Алексей отвел от него взгляд, чтобы не выдать своего интереса. Теперь он подлинно был уверен, что раньше с Григорием Яровым ни по какому случаю не встречался и имя Эдварда Лойса тоже ему незнакомо. По крайней мере, нигде, даже на старых афишах, которыми обычно заклеены стены в уборных цирковых артистов, оно не мелькало. А ведь за полтора года он исколесил вместе с цирком чуть ли не половину России от Санкт-Петербурга до Одессы...

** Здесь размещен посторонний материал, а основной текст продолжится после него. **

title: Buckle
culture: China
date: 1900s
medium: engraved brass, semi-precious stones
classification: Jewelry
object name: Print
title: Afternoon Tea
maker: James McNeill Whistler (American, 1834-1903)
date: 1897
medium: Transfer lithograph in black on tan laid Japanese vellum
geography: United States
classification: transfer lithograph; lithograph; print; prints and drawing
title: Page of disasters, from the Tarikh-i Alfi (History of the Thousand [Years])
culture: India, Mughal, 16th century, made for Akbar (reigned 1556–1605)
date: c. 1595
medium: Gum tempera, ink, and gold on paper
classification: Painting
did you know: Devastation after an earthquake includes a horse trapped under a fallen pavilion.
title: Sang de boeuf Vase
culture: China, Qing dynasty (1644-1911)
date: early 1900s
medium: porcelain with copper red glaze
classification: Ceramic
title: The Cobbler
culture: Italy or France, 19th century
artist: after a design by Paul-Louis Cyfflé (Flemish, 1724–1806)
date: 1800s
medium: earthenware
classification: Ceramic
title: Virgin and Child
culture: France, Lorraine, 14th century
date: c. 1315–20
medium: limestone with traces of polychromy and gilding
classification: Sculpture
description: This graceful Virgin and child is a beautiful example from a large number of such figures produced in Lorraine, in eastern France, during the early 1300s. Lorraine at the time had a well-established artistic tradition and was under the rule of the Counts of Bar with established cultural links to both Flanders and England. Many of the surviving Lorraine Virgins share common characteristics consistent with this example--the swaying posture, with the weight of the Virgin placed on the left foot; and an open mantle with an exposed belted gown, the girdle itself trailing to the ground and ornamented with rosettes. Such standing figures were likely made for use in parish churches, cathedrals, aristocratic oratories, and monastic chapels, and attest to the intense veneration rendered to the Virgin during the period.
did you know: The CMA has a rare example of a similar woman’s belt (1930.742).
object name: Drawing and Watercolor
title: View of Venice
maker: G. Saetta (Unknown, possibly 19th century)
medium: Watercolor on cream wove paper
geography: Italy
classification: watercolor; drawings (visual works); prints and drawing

Прервал его размышления еврейчик, который явно не выдержал молчания. Почти уткнувшись длинным носом в чашку с чаем, он угрюмо произнес:

– В городе вся полиция стоит на ушах. Говорят, ограбили ювелирный магазин Вайтенса.

– Да, я читала об этом в газете, – поддержала разговор Завадская. – Кажется, взломщики – какие-то сосунки. И сейчас скрываются в горах.

– В такую погоду прятаться в горах – сплошное удовольствие, – усмехнулся Алексей. – Только не такие они и сосунки, если употребили для вскрытия сейфов динамит. А еще я слышал, что они воспользовались карточкой одного из наших агентов, чтобы ввести сторожа в заблуждение. Тот добровольно открыл им дверь...

– Старик жив? – быстро спросила Завадская.

– Старик? – удивился Алексей. – Откуда вы знаете, что старик?

– Да ничего я не знаю, – недовольно поморщилась Завадская. – Просто обычно в сторожа нанимают не слишком молодых людей.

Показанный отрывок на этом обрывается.